FIG. 6 is a sectional view taken along line VI--VI of FIG. 5;

FIGS. 7a to 7n are views illustrating the manufacture processes of the ink recording apparatus of FIG. 1;

FIG. 8 is a plan view showing the construction of a second embodiment of the present invention;

FIG. 9 is a plan view showing the construction of an ink recording apparatus of a third embodiment of the invention;

FIG. 10 is a perspective view showing the construction of an ink recording apparatus according to the prior art; and

FIGS. 11a to 11d are views illustrating the operation of the apparatus of FIG. 10.

DETAILED DESCRIPTION OF THE INVENTION

Before the description of the present invention proceeds, it is to be noted that like parts are designated by like reference numerals throughout the accompanying drawings.
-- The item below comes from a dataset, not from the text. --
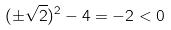<formula> <loc_0><loc_0><loc_500><loc_500>( \pm \sqrt { 2 } ) ^ { 2 } - 4 = - 2 < 0</formula> 
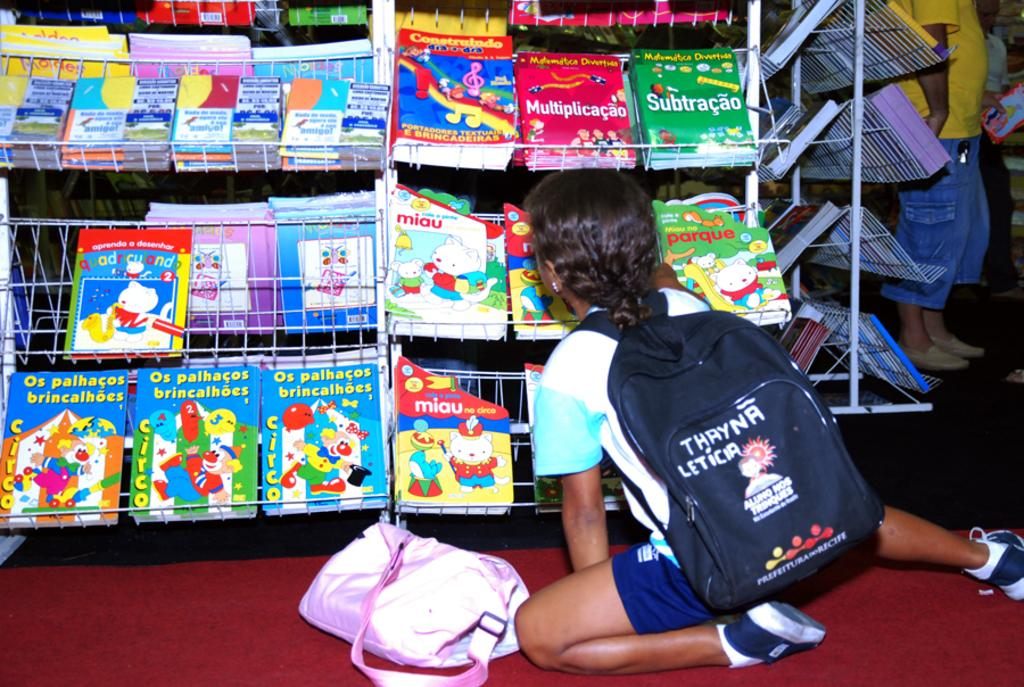<image>
Share a concise interpretation of the image provided. Person wearing a black backpack that says Thayna Leticia on it.

Referring first to FIGS. 1 to 3, a single-crystal silicon substrate 21 has an ink jet port 21a provided in the center thereof and an ink sump 21b provided on its side adjoining an ink chamber 20. The ink jet port 21a is formed by being bored from the ink sump 21b through an oxide film 22 and a nitride film 23. Electrodes 24a to 24h formed of polycrystalline-silicon, the wiring of which is omitted in the figures, each have on their surfaces a nitride film 23 formed as an insulating layer (not shown). A shutter 25 formed of polycrystalline-silicon has an ink passing hole 25a provided in its center and guide slots 25b, 25c provided on opposite sides thereof. On the surfaces of the shutter 25 except the underside thereof there is formed nitride films (not shown) as lubricating layers. Guide pins 27b, 27c are formed also of polycrystalline-silicon. A front wall 28 illustrated by single dotted chain lines in FIG. 1, as integrated with the guide pins 27b, 27c, has an opening 28a provided in its center. On the other hand, the ink chamber 20 and the ink sump 21b are charged with ink 31 composed of insulating material. The ink 31 is subject to working pressures corresponding to recording signals through ordinary means such as a pressure device comprising a piezoelectric element or a heating element as shown in FIG. 10, which means is not shown.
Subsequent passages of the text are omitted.